Brent Bullock, 62, faces five felony charges. His co-defendant, Tammy Shumway, 40, faces four felonies. They are scheduled to appear at a plea hearing Monday before U.S. District Judge Dale Kimball, court papers say. Bullock and Shumway, previously had been set to go to trial on May 3.
The pair was among two dozen Utah, Colorado and New Mexico residents indicted and arrested in a federal sweep on June 10 following a 2 1/2-year investigation into illegal artifacts-trafficking in the Four Corners region. A total of 26 people have been charged with more than 115 felonies.

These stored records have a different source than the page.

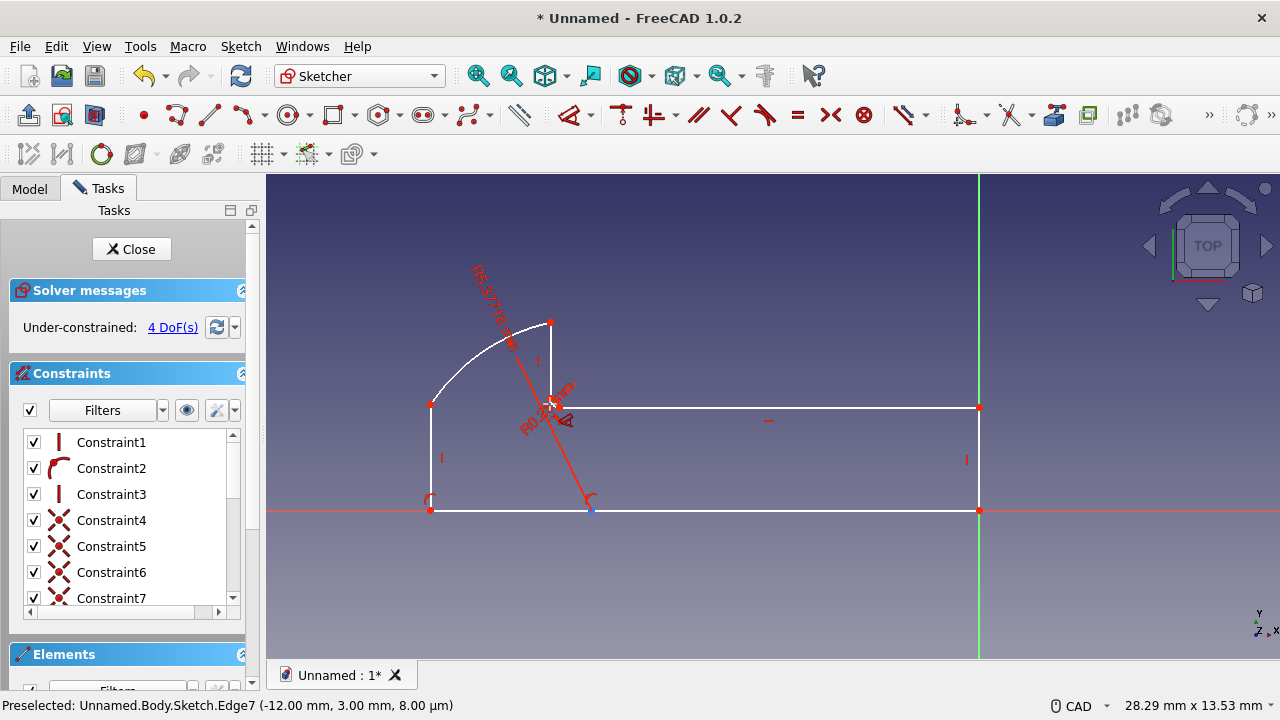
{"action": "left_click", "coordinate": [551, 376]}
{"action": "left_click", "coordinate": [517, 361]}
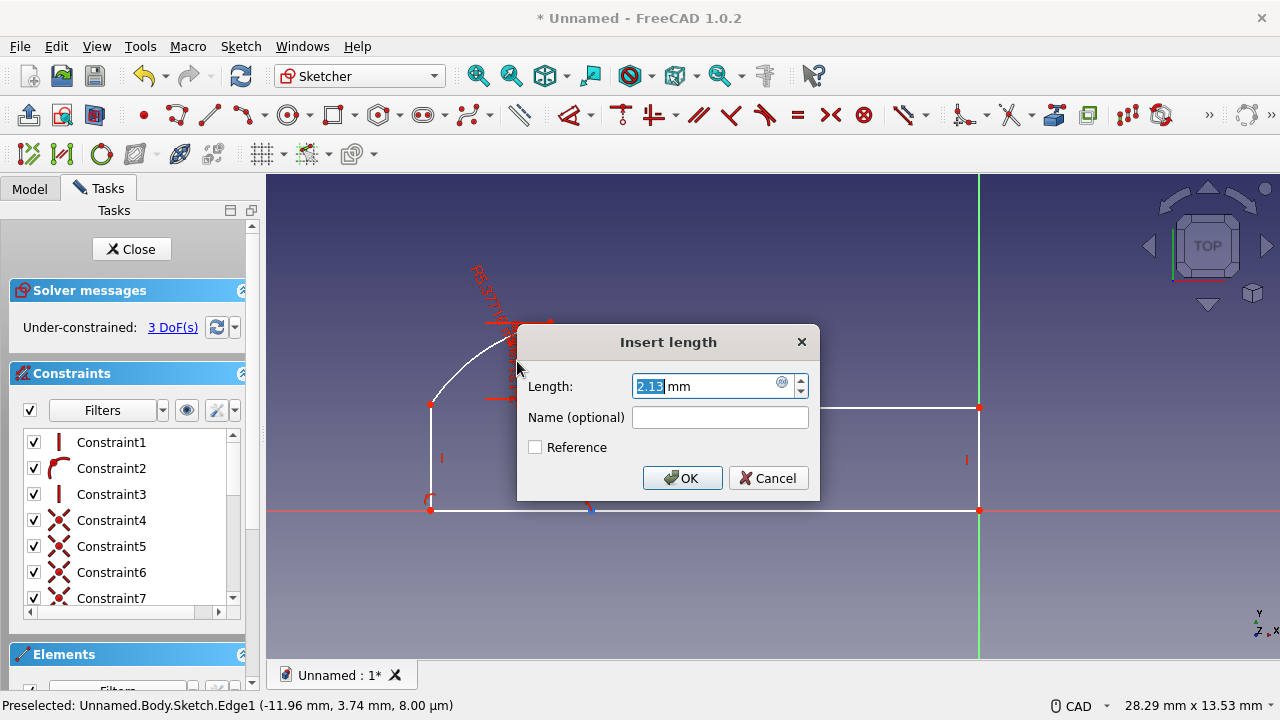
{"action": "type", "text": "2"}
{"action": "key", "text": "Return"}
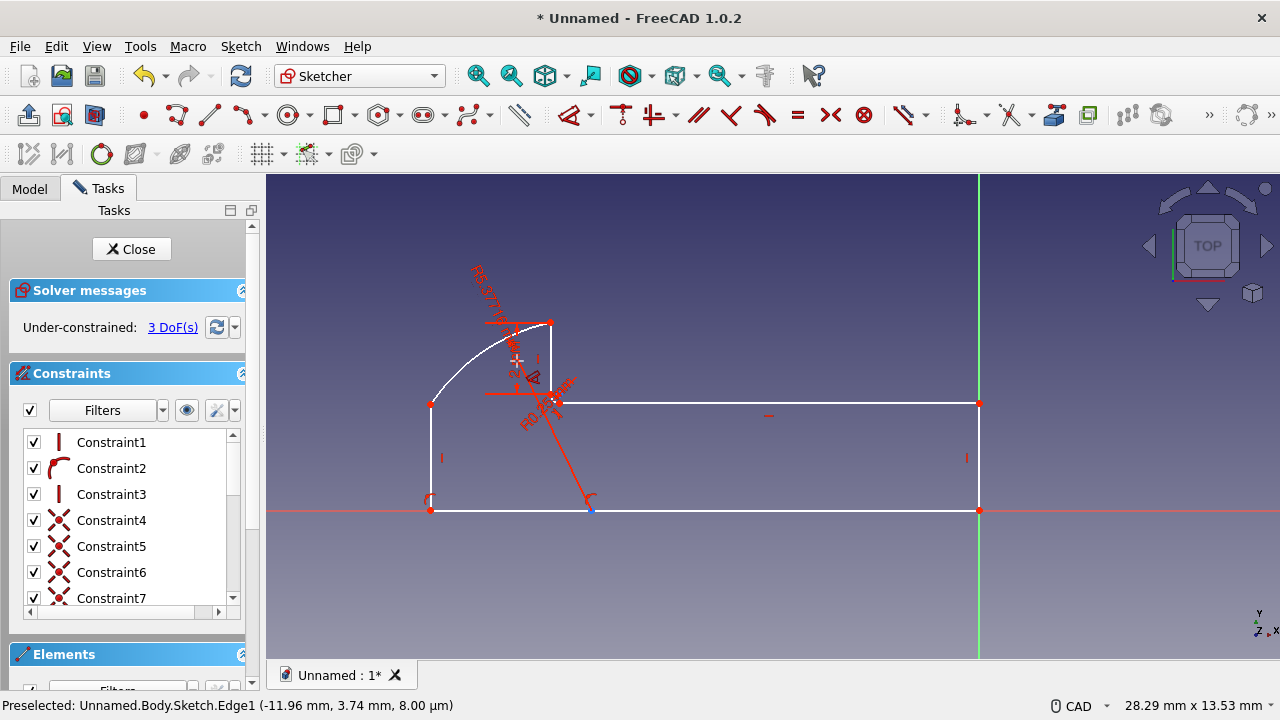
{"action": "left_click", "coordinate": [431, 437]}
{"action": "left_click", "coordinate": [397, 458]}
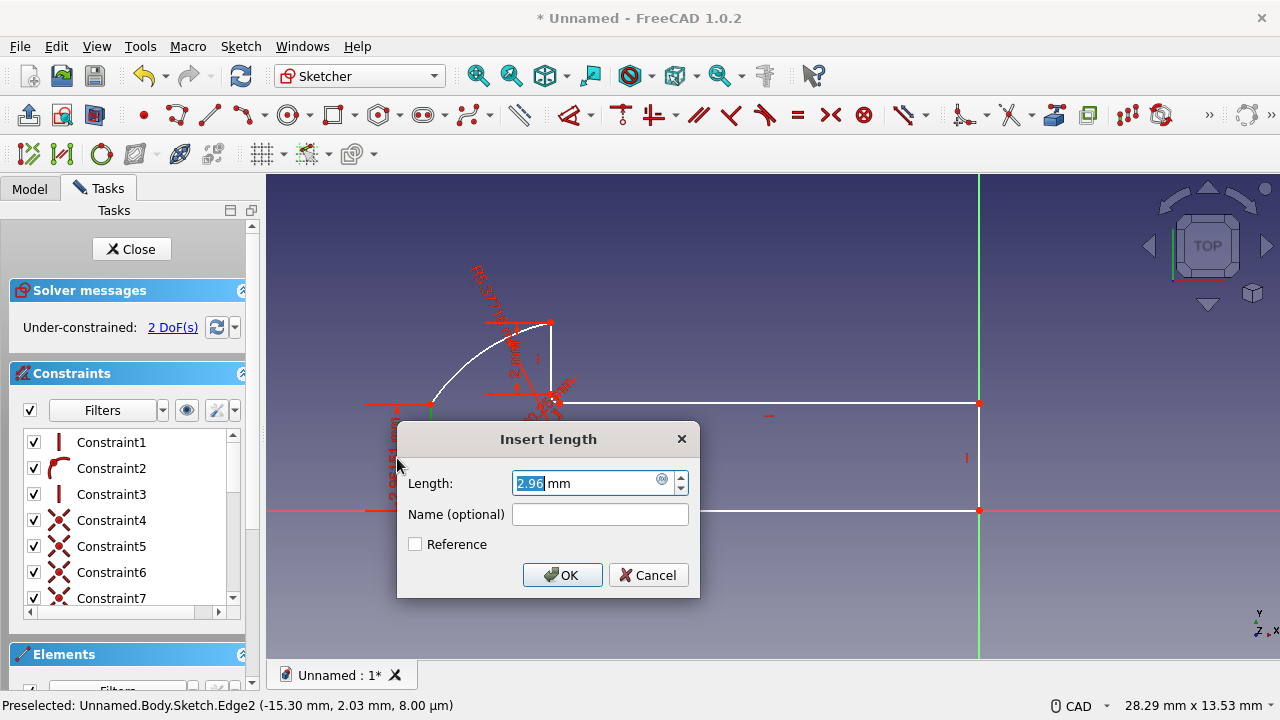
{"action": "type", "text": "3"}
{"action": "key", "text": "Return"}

A search-warrant affidavit shows that Bullock had multiple conversations about selling artifacts with a confidential source working for the FBI and the U.S. Bureau of Land Management.
Court documents say the source in 2007 paid $2,000 for a scrap of a robe or blanket, $800 for a fire board, $500 for the hoe and $30 for a spindle whorl during a transaction Shumway witnessed. The relics came from public land in Utah.
Bullock also tried to sell the source a set of figurines he said University of Utah experts guessed was 2,000 to 2,500 years old for $8,000, the affidavit says.
Since the raid, two defendants -- James Redd of Blanding and Steven Shrader of Santa Fe, N.M. -- killed themselves. On March 1, the undercover operative key to building the cases -- Ted Gardiner of Salt Lake County -- fatally shot himself.
Redd's wife, Jeanne Redd, and their daughter Jericca Redd in July pleaded guilty. In September, U.S. District Judge Clark Waddoups sentenced them to probation and ordered them to surrender their extensive artifact collection.
Five trials have been set for six defendants in the case in May and June.